# Stored items from a collection
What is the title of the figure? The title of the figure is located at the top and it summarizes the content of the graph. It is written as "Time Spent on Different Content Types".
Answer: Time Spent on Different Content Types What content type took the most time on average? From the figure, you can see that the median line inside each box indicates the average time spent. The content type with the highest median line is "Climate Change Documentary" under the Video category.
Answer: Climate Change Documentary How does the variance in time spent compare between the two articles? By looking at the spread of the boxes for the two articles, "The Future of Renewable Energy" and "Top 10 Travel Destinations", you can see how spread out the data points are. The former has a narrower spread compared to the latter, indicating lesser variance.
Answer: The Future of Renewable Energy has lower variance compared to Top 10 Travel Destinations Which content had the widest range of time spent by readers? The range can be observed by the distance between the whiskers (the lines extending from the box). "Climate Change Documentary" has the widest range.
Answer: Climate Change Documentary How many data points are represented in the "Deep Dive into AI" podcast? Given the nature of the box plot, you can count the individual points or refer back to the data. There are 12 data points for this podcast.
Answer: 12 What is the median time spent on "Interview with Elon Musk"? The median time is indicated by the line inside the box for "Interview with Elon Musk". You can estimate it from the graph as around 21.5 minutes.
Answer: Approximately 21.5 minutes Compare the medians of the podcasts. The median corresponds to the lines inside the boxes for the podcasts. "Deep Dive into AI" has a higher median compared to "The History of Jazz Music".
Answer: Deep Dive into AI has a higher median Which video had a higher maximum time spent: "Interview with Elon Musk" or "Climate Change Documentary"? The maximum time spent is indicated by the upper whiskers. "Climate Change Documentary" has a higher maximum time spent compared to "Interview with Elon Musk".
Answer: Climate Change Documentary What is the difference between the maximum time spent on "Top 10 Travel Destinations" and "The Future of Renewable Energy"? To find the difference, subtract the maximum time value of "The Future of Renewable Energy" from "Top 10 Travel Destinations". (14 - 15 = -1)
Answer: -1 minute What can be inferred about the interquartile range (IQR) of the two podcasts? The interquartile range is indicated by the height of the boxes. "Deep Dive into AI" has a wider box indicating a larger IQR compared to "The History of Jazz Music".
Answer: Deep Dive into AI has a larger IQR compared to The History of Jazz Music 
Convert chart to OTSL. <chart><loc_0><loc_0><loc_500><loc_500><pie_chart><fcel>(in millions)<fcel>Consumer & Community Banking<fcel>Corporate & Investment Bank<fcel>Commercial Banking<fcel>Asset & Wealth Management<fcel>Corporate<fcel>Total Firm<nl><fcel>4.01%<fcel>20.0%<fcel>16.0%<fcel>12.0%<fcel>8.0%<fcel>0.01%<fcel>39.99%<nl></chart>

# DIRECTIONS FOR THIS TASK
Among the lines above, show every one that contains the string "larger".

# RESULT OF THE TASK
Answer: -1 minute What can be inferred about the interquartile range (IQR) of the two podcasts? The interquartile range is indicated by the height of the boxes. "Deep Dive into AI" has a wider box indicating a larger IQR compared to "The History of Jazz Music".
Answer: Deep Dive into AI has a larger IQR compared to The History of Jazz Music 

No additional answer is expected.